The ones I've given so far are:
Dewdrop (for Flurry)
Bamboo (Genji)
Man (Bruce)
Kibble (Goldie)

I find it hilarious when other villagers steal Bruce's catchphrase though!
Bluebear is now saying man instead of peaches lol


----------



## lieryl (Apr 27, 2020)

i changed raymond’s to my love so now he ends every sentence with my love lol


----------



## Cancoon (Apr 27, 2020)

lieryl said:


> i changed raymond’s to my love so now he ends every sentence with my love lol


That's amazing lol


----------



## Mosshead (Apr 27, 2020)

I made Felicity say yare yare and Deirdre say biiiiih so... I'm sorry lol.


----------



## Cancoon (Apr 27, 2020)

Mosshead said:


> I made Felicity say yare yare and Deirdre say biiiiih so... I'm sorry lol.


lmao I love it!


----------



## Dewy (Apr 27, 2020)

i try to make them cute but generic because I know my villagers will spread these things like wildfire and I don't need my bears saying "meow"

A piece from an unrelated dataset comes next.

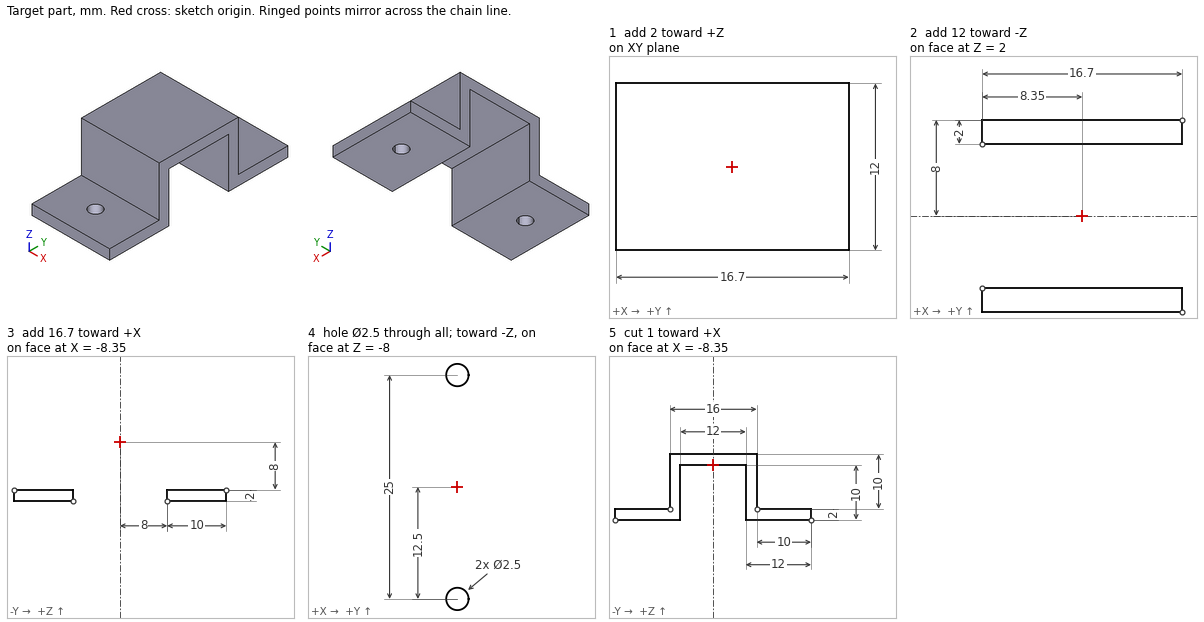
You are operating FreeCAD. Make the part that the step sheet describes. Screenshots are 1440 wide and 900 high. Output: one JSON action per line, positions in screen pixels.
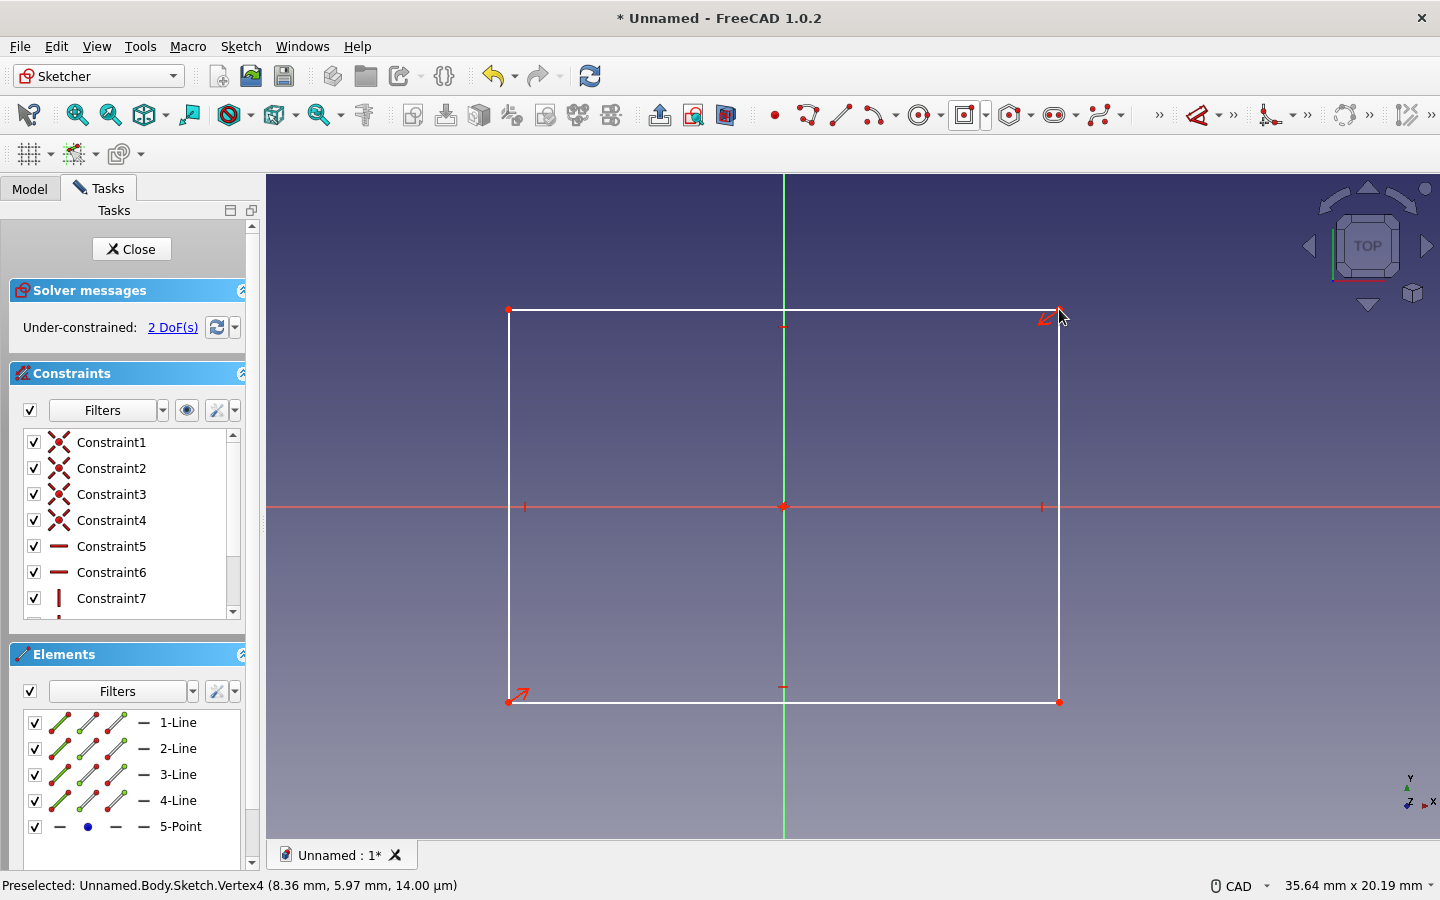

So I go with things like poptart, sweetie, snuffle, snoot, etc. Whatever will work with most species and not make me want to avoid talking to them

However right now all my villagers say _haaay_ because I made Reneigh say it one time


----------



## Millysaurusrexjr (Apr 27, 2020)

So far in new horizons I've preferred to just keep their original catchphrases.. but when I do change catchphrases, it's always something dumb like "no diggity" "dingus" "butthead" etc.


----------



## Rosie Moon (Apr 27, 2020)

lieryl said:


> i changed raymond’s to my love so now he ends every sentence with my love lol



(fangirl squealing)


----------



## JKDOS (Apr 27, 2020)

I've heard if you change a catchphrase, other villagers will adopt that catchphrase. So I've declined setting new catchphrases when asked.


----------



## Kyneria (Apr 27, 2020)

My Audie for some reason keeps taking everyone's catchphrases, it's like she wants to be trendy and I kind of love it.
My Stitches was going to a friend, so as a little joke between us, he would say _stinky._
Bam says yay.
Del (and now Audie too) say chomp.


----------



## Imbri (Apr 27, 2020)

I haven't had anyone ask for a new catchphrase yet, but I'll probably skip it. Most of the set ones are things I like, anyway. 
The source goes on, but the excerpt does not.